There is a large literature that aims to evaluate the impact of a tightening in financial constraints on investment. We intend to focus on the impact on employment. If employment is affected by financial frictions, we expect firms that are financed by financial institutions that faced difficulties during the crisis to reduce their employment level more than the others, controlling for a series of observables. We also want to explore the role of different capital structure (long-term vs short-term debt, etc) in explaining difference in employment responses to better understand the real mechanism at work.

We conjecture that firm capital structure affects firms reaction to the credit crunch.
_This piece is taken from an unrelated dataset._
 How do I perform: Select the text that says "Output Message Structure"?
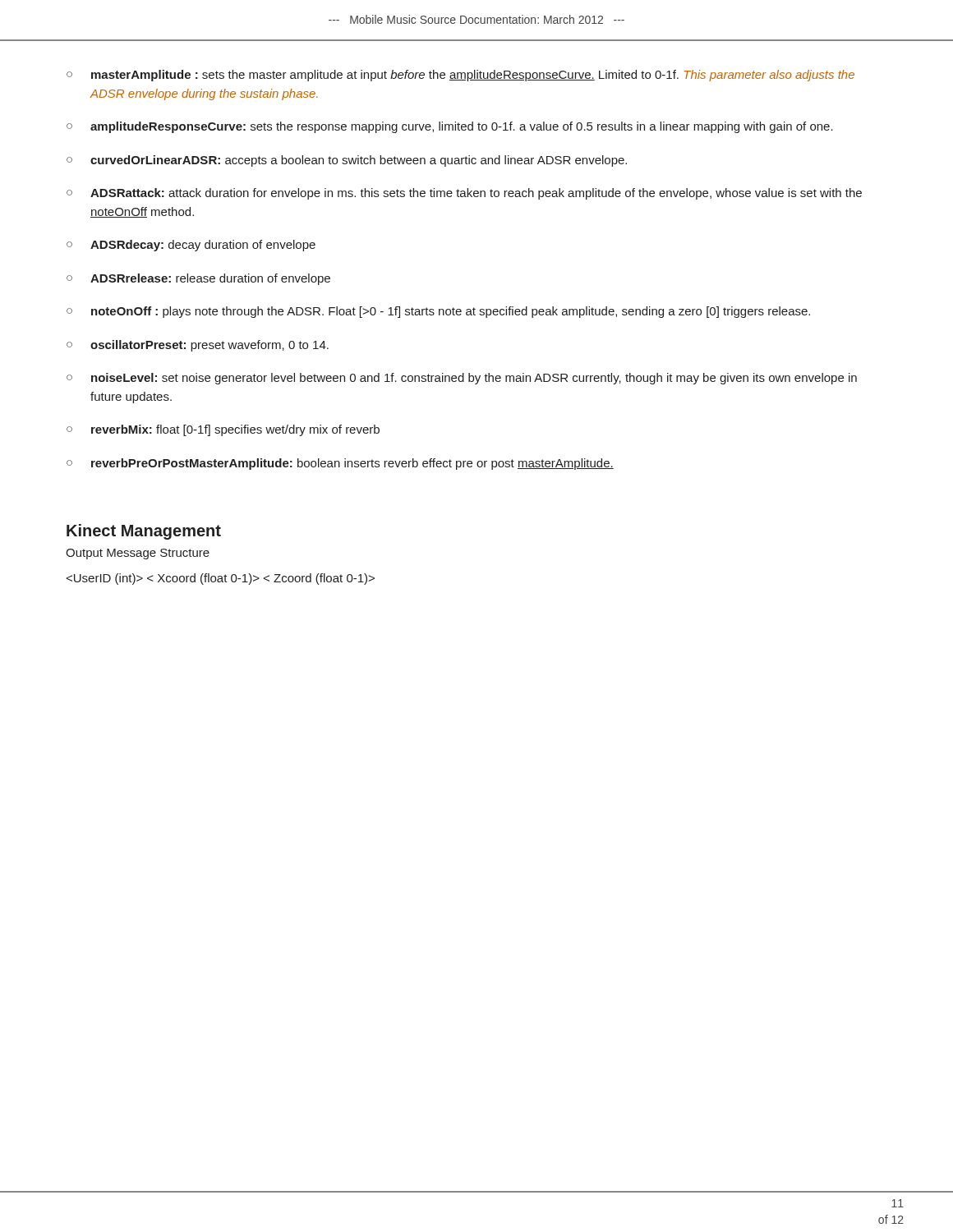point(138,552)
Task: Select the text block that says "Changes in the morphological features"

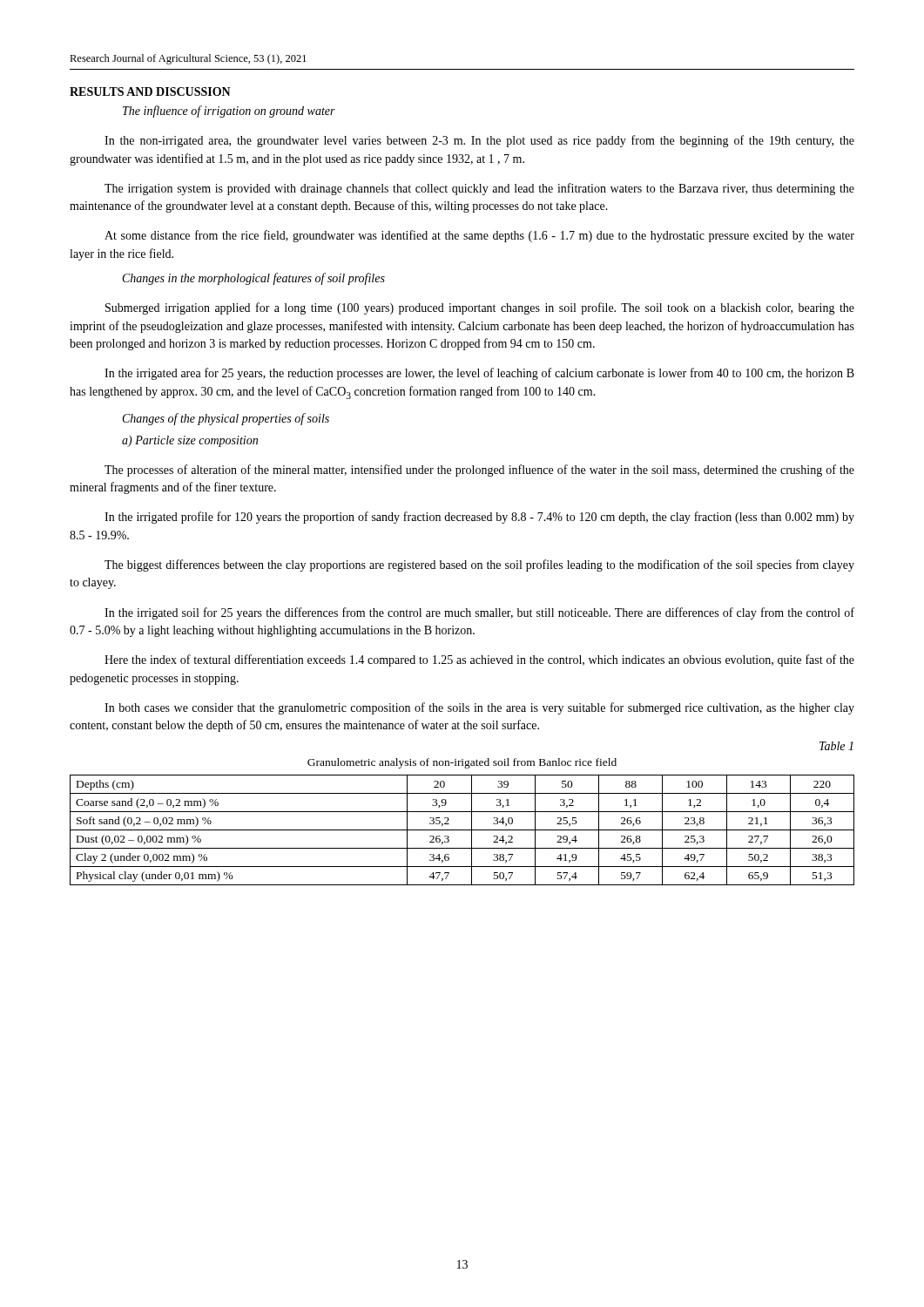Action: pos(462,337)

In particularm since firms employing workers with specific human capital have more conservative capital structure and hold more liquid assets, they will be less affected by the decrease in borrowing capacity in the short run.

The Bocconi research unit of the PRIN grant will develop a theoretical model on these issues to derive empirically testable predictions to be brought to the data.

2. What is the impact of employment protection on firms' financial structure?

We will investigate the consequences of a rigid labor market on the capital structure and on the type of securities issued. One plausible conjecture is that firms should issue more equity when they have a rigid cost structure due to the inability to reduce employment during downturns. By the same logic, we should expect firms with a rigid cost structure relying more on debt easy to renegotiate, such as bank debt, rather than on dispersed debt.

The Bocconi research unit of the PRIN grant will develop a theoretical model on these issues to derive empirically testable predictions to be brought to the data.